Saved entries:
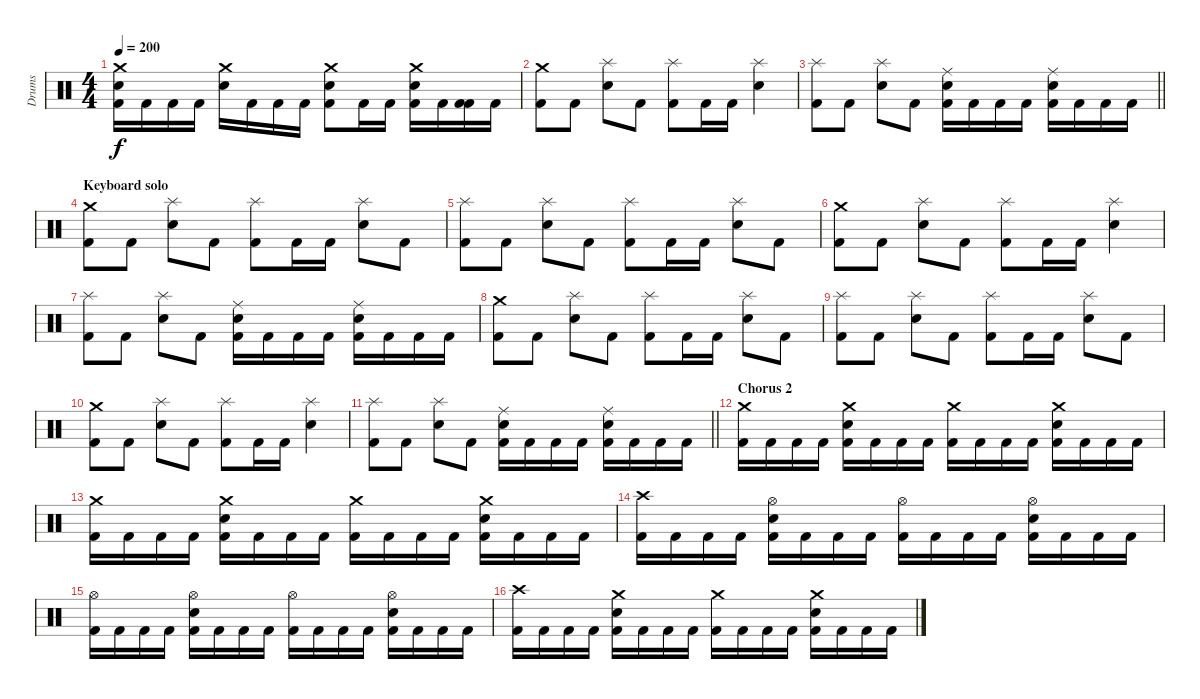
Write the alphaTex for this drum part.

\track ("Drums" "Drums") {instrument percussion}
\staff {score}
\articulation defaults
\ts (4 4)
\tempo 200
\clef neutral
\ks c
("Crash medium (hit)" "Electric Snare (hit)" "Kick (hit) 2").16{dy f} "Kick (hit) 2".16 "Kick (hit) 2".16 "Kick (hit) 2".16 ("Crash medium (hit)" "Electric Snare (hit)").16 "Kick (hit) 2".16 "Kick (hit) 2".16 "Kick (hit) 2".16 ("Crash medium (hit)" "Electric Snare (hit)" "Kick (hit) 2").8 "Kick (hit) 2".16 "Kick (hit) 2".16 ("Crash medium (hit)" "Electric Snare (hit)" "Kick (hit) 2").16 "Kick (hit) 2".16 ("Kick (hit) 2" "Kick (hit) 2").16 "Kick (hit) 2".16 |
("Crash medium (hit)" "Kick (hit) 2").8 "Kick (hit) 2".8 ("Splash (hit)" "Electric Snare (hit)").8 "Kick (hit) 2".8 ("Splash (hit)" "Kick (hit) 2").8 "Kick (hit) 2".16 "Kick (hit) 2".16 ("Splash (hit)" "Electric Snare (hit)").4 |
\barLineRight lightlight
("Splash (hit)" "Kick (hit) 2").8 "Kick (hit) 2".8 ("Splash (hit)" "Electric Snare (hit)").8 "Kick (hit) 2".8 ("Ride (middle)" "Electric Snare (hit)" "Kick (hit) 2").16 "Kick (hit) 2".16 "Kick (hit) 2".16 "Kick (hit) 2".16 ("Ride (middle)" "Electric Snare (hit)" "Kick (hit) 2").16 "Kick (hit) 2".16 "Kick (hit) 2".16 "Kick (hit) 2".16 |
\section ("" "Keyboard solo")
("Crash medium (hit)" "Kick (hit) 2").8 "Kick (hit) 2".8 ("Splash (hit)" "Electric Snare (hit)").8 "Kick (hit) 2".8 ("Splash (hit)" "Kick (hit) 2").8 "Kick (hit) 2".16 "Kick (hit) 2".16 ("Splash (hit)" "Electric Snare (hit)").8 "Kick (hit) 2".8 |
("Splash (hit)" "Kick (hit) 2").8 "Kick (hit) 2".8 ("Splash (hit)" "Electric Snare (hit)").8 "Kick (hit) 2".8 ("Splash (hit)" "Kick (hit) 2").8 "Kick (hit) 2".16 "Kick (hit) 2".16 ("Splash (hit)" "Electric Snare (hit)").8 "Kick (hit) 2".8 |
("Crash medium (hit)" "Kick (hit) 2").8 "Kick (hit) 2".8 ("Splash (hit)" "Electric Snare (hit)").8 "Kick (hit) 2".8 ("Splash (hit)" "Kick (hit) 2").8 "Kick (hit) 2".16 "Kick (hit) 2".16 ("Splash (hit)" "Electric Snare (hit)").4 |
("Splash (hit)" "Kick (hit) 2").8 "Kick (hit) 2".8 ("Splash (hit)" "Electric Snare (hit)").8 "Kick (hit) 2".8 ("Ride (middle)" "Electric Snare (hit)" "Kick (hit) 2").16 "Kick (hit) 2".16 "Kick (hit) 2".16 "Kick (hit) 2".16 ("Ride (middle)" "Electric Snare (hit)" "Kick (hit) 2").16 "Kick (hit) 2".16 "Kick (hit) 2".16 "Kick (hit) 2".16 |
("Crash medium (hit)" "Kick (hit) 2").8 "Kick (hit) 2".8 ("Splash (hit)" "Electric Snare (hit)").8 "Kick (hit) 2".8 ("Splash (hit)" "Kick (hit) 2").8 "Kick (hit) 2".16 "Kick (hit) 2".16 ("Splash (hit)" "Electric Snare (hit)").8 "Kick (hit) 2".8 |
("Splash (hit)" "Kick (hit) 2").8 "Kick (hit) 2".8 ("Splash (hit)" "Electric Snare (hit)").8 "Kick (hit) 2".8 ("Splash (hit)" "Kick (hit) 2").8 "Kick (hit) 2".16 "Kick (hit) 2".16 ("Splash (hit)" "Electric Snare (hit)").8 "Kick (hit) 2".8 |
("Crash medium (hit)" "Kick (hit) 2").8 "Kick (hit) 2".8 ("Splash (hit)" "Electric Snare (hit)").8 "Kick (hit) 2".8 ("Splash (hit)" "Kick (hit) 2").8 "Kick (hit) 2".16 "Kick (hit) 2".16 ("Splash (hit)" "Electric Snare (hit)").4 |
\barLineRight lightlight
("Splash (hit)" "Kick (hit) 2").8 "Kick (hit) 2".8 ("Splash (hit)" "Electric Snare (hit)").8 "Kick (hit) 2".8 ("Ride (middle)" "Electric Snare (hit)" "Kick (hit) 2").16 "Kick (hit) 2".16 "Kick (hit) 2".16 "Kick (hit) 2".16 ("Ride (middle)" "Electric Snare (hit)" "Kick (hit) 2").16 "Kick (hit) 2".16 "Kick (hit) 2".16 "Kick (hit) 2".16 |
\section ("" "Chorus 2 ")
("Crash medium (hit)" "Kick (hit) 2").16 "Kick (hit) 2".16 "Kick (hit) 2".16 "Kick (hit) 2".16 ("Crash medium (hit)" "Electric Snare (hit)" "Kick (hit) 2").16 "Kick (hit) 2".16 "Kick (hit) 2".16 "Kick (hit) 2".16 ("Crash medium (hit)" "Kick (hit) 2").16 "Kick (hit) 2".16 "Kick (hit) 2".16 "Kick (hit) 2".16 ("Crash medium (hit)" "Electric Snare (hit)" "Kick (hit) 2").16 "Kick (hit) 2".16 "Kick (hit) 2".16 "Kick (hit) 2".16 |
("Crash medium (hit)" "Kick (hit) 2").16 "Kick (hit) 2".16 "Kick (hit) 2".16 "Kick (hit) 2".16 ("Crash medium (hit)" "Electric Snare (hit)" "Kick (hit) 2").16 "Kick (hit) 2".16 "Kick (hit) 2".16 "Kick (hit) 2".16 ("Crash medium (hit)" "Kick (hit) 2").16 "Kick (hit) 2".16 "Kick (hit) 2".16 "Kick (hit) 2".16 ("Crash medium (hit)" "Electric Snare (hit)" "Kick (hit) 2").16 "Kick (hit) 2".16 "Kick (hit) 2".16 "Kick (hit) 2".16 |
("Crash high (hit)" "Kick (hit) 2").16 "Kick (hit) 2".16 "Kick (hit) 2".16 "Kick (hit) 2".16 ("Hi-Hat (open)" "Electric Snare (hit)" "Kick (hit) 2").16 "Kick (hit) 2".16 "Kick (hit) 2".16 "Kick (hit) 2".16 ("Hi-Hat (open)" "Kick (hit) 2").16 "Kick (hit) 2".16 "Kick (hit) 2".16 "Kick (hit) 2".16 ("Hi-Hat (open)" "Electric Snare (hit)" "Kick (hit) 2").16 "Kick (hit) 2".16 "Kick (hit) 2".16 "Kick (hit) 2".16 |
("Hi-Hat (open)" "Kick (hit) 2").16 "Kick (hit) 2".16 "Kick (hit) 2".16 "Kick (hit) 2".16 ("Hi-Hat (open)" "Electric Snare (hit)" "Kick (hit) 2").16 "Kick (hit) 2".16 "Kick (hit) 2".16 "Kick (hit) 2".16 ("Hi-Hat (open)" "Kick (hit) 2").16 "Kick (hit) 2".16 "Kick (hit) 2".16 "Kick (hit) 2".16 ("Hi-Hat (open)" "Electric Snare (hit)" "Kick (hit) 2").16 "Kick (hit) 2".16 "Kick (hit) 2".16 "Kick (hit) 2".16 |
("Crash high (hit)" "Kick (hit) 2").16 "Kick (hit) 2".16 "Kick (hit) 2".16 "Kick (hit) 2".16 ("Crash medium (hit)" "Electric Snare (hit)" "Kick (hit) 2").16 "Kick (hit) 2".16 "Kick (hit) 2".16 "Kick (hit) 2".16 ("Crash medium (hit)" "Kick (hit) 2").16 "Kick (hit) 2".16 "Kick (hit) 2".16 "Kick (hit) 2".16 ("Crash medium (hit)" "Electric Snare (hit)" "Kick (hit) 2").16 "Kick (hit) 2".16 "Kick (hit) 2".16 "Kick (hit) 2".16

REQUIREMENT:
If a line above includes the string "open", pick it out.

SOLUTION:
("Crash high (hit)" "Kick (hit) 2").16 "Kick (hit) 2".16 "Kick (hit) 2".16 "Kick (hit) 2".16 ("Hi-Hat (open)" "Electric Snare (hit)" "Kick (hit) 2").16 "Kick (hit) 2".16 "Kick (hit) 2".16 "Kick (hit) 2".16 ("Hi-Hat (open)" "Kick (hit) 2").16 "Kick (hit) 2".16 "Kick (hit) 2".16 "Kick (hit) 2".16 ("Hi-Hat (open)" "Electric Snare (hit)" "Kick (hit) 2").16 "Kick (hit) 2".16 "Kick (hit) 2".16 "Kick (hit) 2".16 |
("Hi-Hat (open)" "Kick (hit) 2").16 "Kick (hit) 2".16 "Kick (hit) 2".16 "Kick (hit) 2".16 ("Hi-Hat (open)" "Electric Snare (hit)" "Kick (hit) 2").16 "Kick (hit) 2".16 "Kick (hit) 2".16 "Kick (hit) 2".16 ("Hi-Hat (open)" "Kick (hit) 2").16 "Kick (hit) 2".16 "Kick (hit) 2".16 "Kick (hit) 2".16 ("Hi-Hat (open)" "Electric Snare (hit)" "Kick (hit) 2").16 "Kick (hit) 2".16 "Kick (hit) 2".16 "Kick (hit) 2".16 |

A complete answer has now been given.